Task goal:
Please return the records below exactly as they appear, leaving every picture out.

----

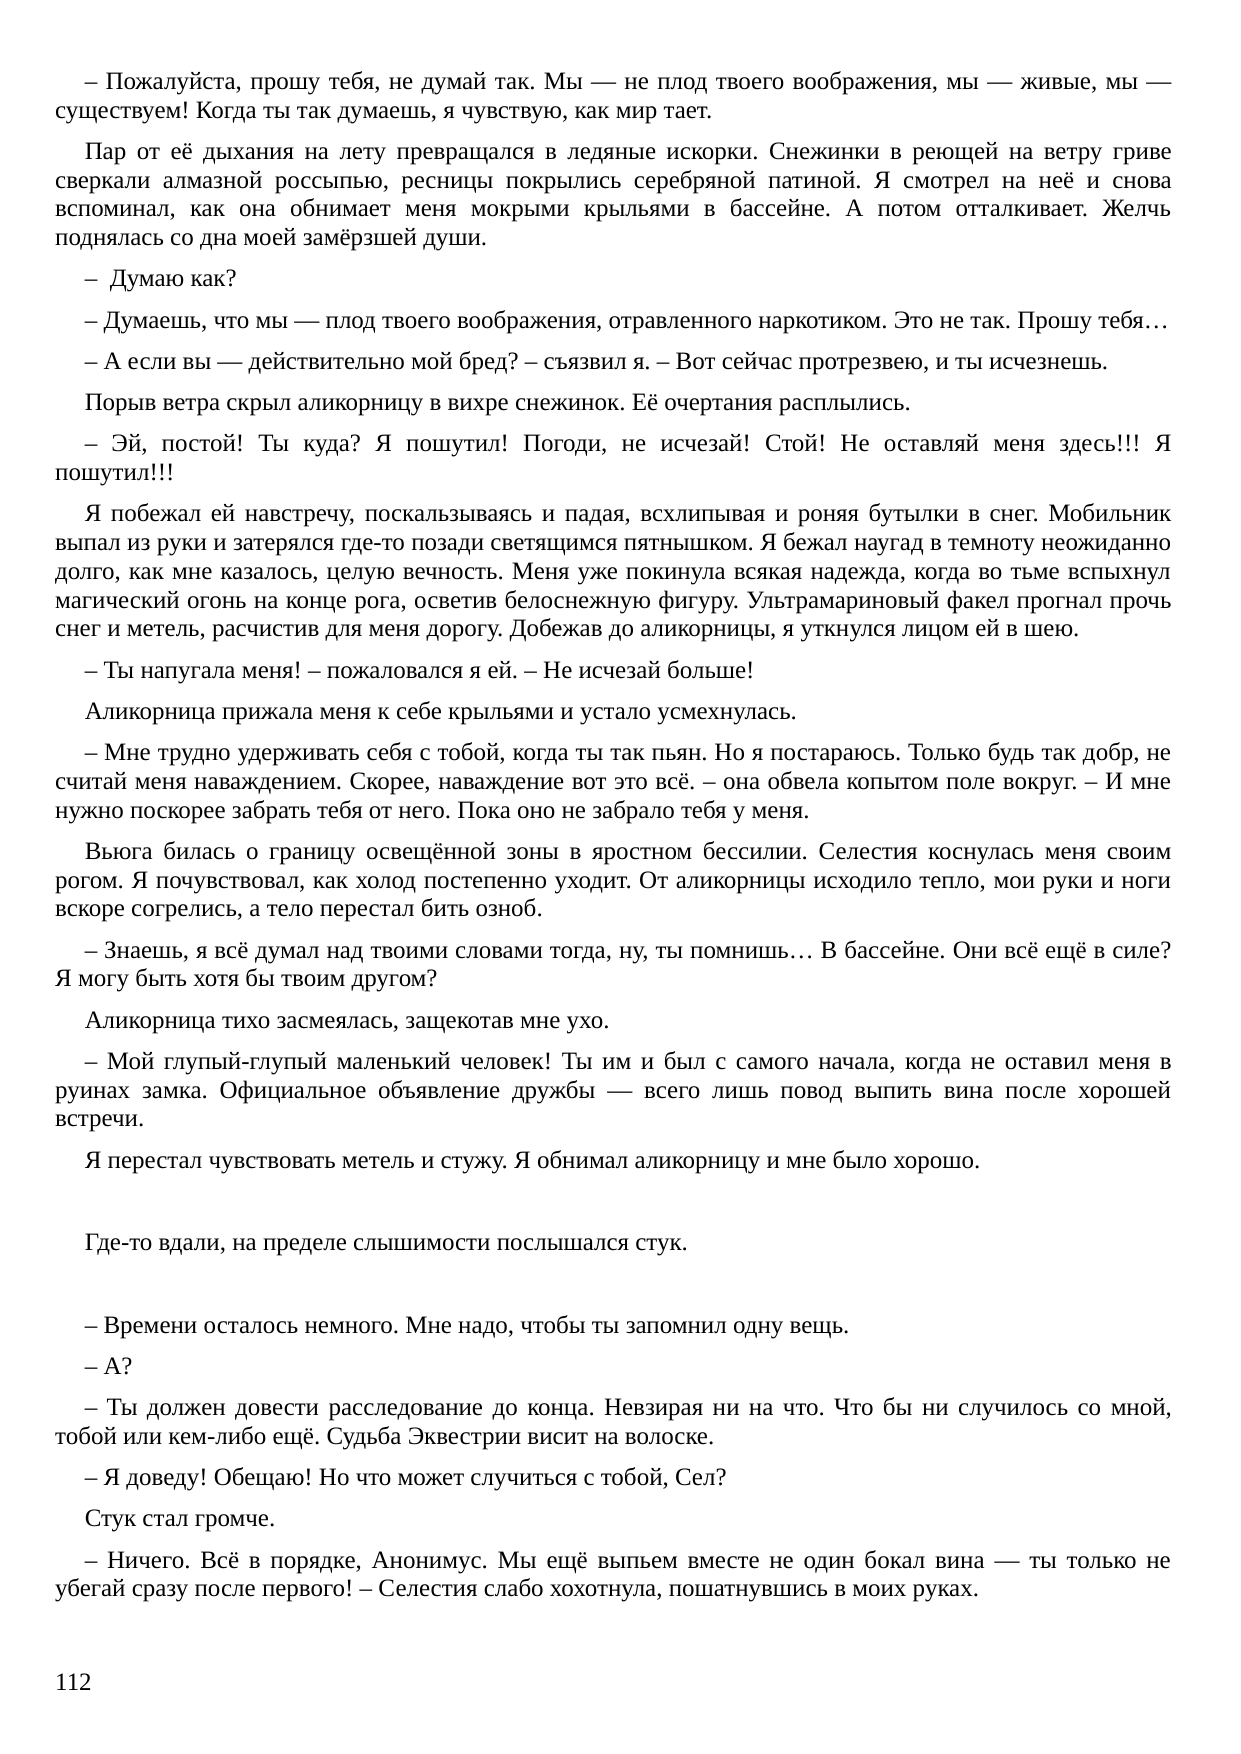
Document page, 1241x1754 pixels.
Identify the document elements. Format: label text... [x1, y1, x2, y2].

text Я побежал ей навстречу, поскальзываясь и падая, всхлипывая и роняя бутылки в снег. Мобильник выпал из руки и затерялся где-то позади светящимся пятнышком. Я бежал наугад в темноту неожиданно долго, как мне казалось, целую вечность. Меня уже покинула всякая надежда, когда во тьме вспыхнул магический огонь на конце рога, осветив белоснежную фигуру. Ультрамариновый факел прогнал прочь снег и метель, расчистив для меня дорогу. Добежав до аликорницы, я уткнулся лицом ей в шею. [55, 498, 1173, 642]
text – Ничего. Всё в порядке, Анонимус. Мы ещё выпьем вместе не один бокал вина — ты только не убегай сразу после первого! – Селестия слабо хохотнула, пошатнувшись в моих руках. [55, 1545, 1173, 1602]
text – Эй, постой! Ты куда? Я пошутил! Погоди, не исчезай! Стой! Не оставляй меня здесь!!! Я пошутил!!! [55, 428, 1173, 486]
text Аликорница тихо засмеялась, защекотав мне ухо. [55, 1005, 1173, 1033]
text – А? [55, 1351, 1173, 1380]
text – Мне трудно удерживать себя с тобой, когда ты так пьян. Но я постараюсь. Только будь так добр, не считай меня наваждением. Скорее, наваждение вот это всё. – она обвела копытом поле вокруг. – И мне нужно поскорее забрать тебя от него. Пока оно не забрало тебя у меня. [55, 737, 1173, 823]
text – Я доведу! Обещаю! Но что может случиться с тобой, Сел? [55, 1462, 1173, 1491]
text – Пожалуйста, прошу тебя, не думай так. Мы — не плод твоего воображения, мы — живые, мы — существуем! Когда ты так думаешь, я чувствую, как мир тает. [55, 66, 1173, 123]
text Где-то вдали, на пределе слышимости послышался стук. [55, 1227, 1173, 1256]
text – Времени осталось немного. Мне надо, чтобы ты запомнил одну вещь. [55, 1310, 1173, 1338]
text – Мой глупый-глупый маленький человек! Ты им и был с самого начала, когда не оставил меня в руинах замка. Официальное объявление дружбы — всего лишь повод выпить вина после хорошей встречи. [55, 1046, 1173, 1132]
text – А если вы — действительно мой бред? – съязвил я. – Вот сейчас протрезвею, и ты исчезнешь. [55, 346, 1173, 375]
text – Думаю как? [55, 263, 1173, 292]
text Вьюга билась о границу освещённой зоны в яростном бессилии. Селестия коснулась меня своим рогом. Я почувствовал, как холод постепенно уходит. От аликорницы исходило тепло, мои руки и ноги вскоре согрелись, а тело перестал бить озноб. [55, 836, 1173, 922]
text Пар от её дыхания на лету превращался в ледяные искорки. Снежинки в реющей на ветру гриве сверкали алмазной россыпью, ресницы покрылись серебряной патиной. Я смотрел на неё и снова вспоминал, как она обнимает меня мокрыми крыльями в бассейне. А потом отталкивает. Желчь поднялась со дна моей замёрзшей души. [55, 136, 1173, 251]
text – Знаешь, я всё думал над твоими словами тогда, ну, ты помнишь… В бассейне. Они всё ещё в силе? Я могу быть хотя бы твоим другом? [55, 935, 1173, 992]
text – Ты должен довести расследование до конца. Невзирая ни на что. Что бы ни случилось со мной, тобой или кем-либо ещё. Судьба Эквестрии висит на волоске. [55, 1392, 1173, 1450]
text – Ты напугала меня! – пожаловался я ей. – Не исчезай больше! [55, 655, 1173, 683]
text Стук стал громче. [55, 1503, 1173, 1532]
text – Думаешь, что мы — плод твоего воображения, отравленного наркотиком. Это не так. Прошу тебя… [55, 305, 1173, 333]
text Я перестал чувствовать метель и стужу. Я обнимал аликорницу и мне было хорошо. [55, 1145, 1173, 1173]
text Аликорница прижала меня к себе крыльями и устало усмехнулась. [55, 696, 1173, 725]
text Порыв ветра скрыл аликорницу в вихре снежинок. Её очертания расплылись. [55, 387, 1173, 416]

----

Answer section:
Document page, 1241x1754 pixels.
Identify the document elements. Format: label text... [x1, y1, x2, y2].

text Я побежал ей навстречу, поскальзываясь и падая, всхлипывая и роняя бутылки в снег. Мобильник выпал из руки и затерялся где-то позади светящимся пятнышком. Я бежал наугад в темноту неожиданно долго, как мне казалось, целую вечность. Меня уже покинула всякая надежда, когда во тьме вспыхнул магический огонь на конце рога, осветив белоснежную фигуру. Ультрамариновый факел прогнал прочь снег и метель, расчистив для меня дорогу. Добежав до аликорницы, я уткнулся лицом ей в шею. [55, 498, 1173, 642]
text – Ничего. Всё в порядке, Анонимус. Мы ещё выпьем вместе не один бокал вина — ты только не убегай сразу после первого! – Селестия слабо хохотнула, пошатнувшись в моих руках. [55, 1545, 1173, 1602]
text – Эй, постой! Ты куда? Я пошутил! Погоди, не исчезай! Стой! Не оставляй меня здесь!!! Я пошутил!!! [55, 428, 1173, 486]
text Аликорница тихо засмеялась, защекотав мне ухо. [55, 1005, 1173, 1033]
text – А? [55, 1351, 1173, 1380]
text – Мне трудно удерживать себя с тобой, когда ты так пьян. Но я постараюсь. Только будь так добр, не считай меня наваждением. Скорее, наваждение вот это всё. – она обвела копытом поле вокруг. – И мне нужно поскорее забрать тебя от него. Пока оно не забрало тебя у меня. [55, 737, 1173, 823]
text – Я доведу! Обещаю! Но что может случиться с тобой, Сел? [55, 1462, 1173, 1491]
text – Пожалуйста, прошу тебя, не думай так. Мы — не плод твоего воображения, мы — живые, мы — существуем! Когда ты так думаешь, я чувствую, как мир тает. [55, 66, 1173, 123]
text Где-то вдали, на пределе слышимости послышался стук. [55, 1227, 1173, 1256]
text – Времени осталось немного. Мне надо, чтобы ты запомнил одну вещь. [55, 1310, 1173, 1338]
text – Мой глупый-глупый маленький человек! Ты им и был с самого начала, когда не оставил меня в руинах замка. Официальное объявление дружбы — всего лишь повод выпить вина после хорошей встречи. [55, 1046, 1173, 1132]
text – А если вы — действительно мой бред? – съязвил я. – Вот сейчас протрезвею, и ты исчезнешь. [55, 346, 1173, 375]
text – Думаю как? [55, 263, 1173, 292]
text Вьюга билась о границу освещённой зоны в яростном бессилии. Селестия коснулась меня своим рогом. Я почувствовал, как холод постепенно уходит. От аликорницы исходило тепло, мои руки и ноги вскоре согрелись, а тело перестал бить озноб. [55, 836, 1173, 922]
text Пар от её дыхания на лету превращался в ледяные искорки. Снежинки в реющей на ветру гриве сверкали алмазной россыпью, ресницы покрылись серебряной патиной. Я смотрел на неё и снова вспоминал, как она обнимает меня мокрыми крыльями в бассейне. А потом отталкивает. Желчь поднялась со дна моей замёрзшей души. [55, 136, 1173, 251]
text – Знаешь, я всё думал над твоими словами тогда, ну, ты помнишь… В бассейне. Они всё ещё в силе? Я могу быть хотя бы твоим другом? [55, 935, 1173, 992]
text – Ты должен довести расследование до конца. Невзирая ни на что. Что бы ни случилось со мной, тобой или кем-либо ещё. Судьба Эквестрии висит на волоске. [55, 1392, 1173, 1450]
text – Ты напугала меня! – пожаловался я ей. – Не исчезай больше! [55, 655, 1173, 683]
text Стук стал громче. [55, 1503, 1173, 1532]
text – Думаешь, что мы — плод твоего воображения, отравленного наркотиком. Это не так. Прошу тебя… [55, 305, 1173, 333]
text Я перестал чувствовать метель и стужу. Я обнимал аликорницу и мне было хорошо. [55, 1145, 1173, 1173]
text Аликорница прижала меня к себе крыльями и устало усмехнулась. [55, 696, 1173, 725]
text Порыв ветра скрыл аликорницу в вихре снежинок. Её очертания расплылись. [55, 387, 1173, 416]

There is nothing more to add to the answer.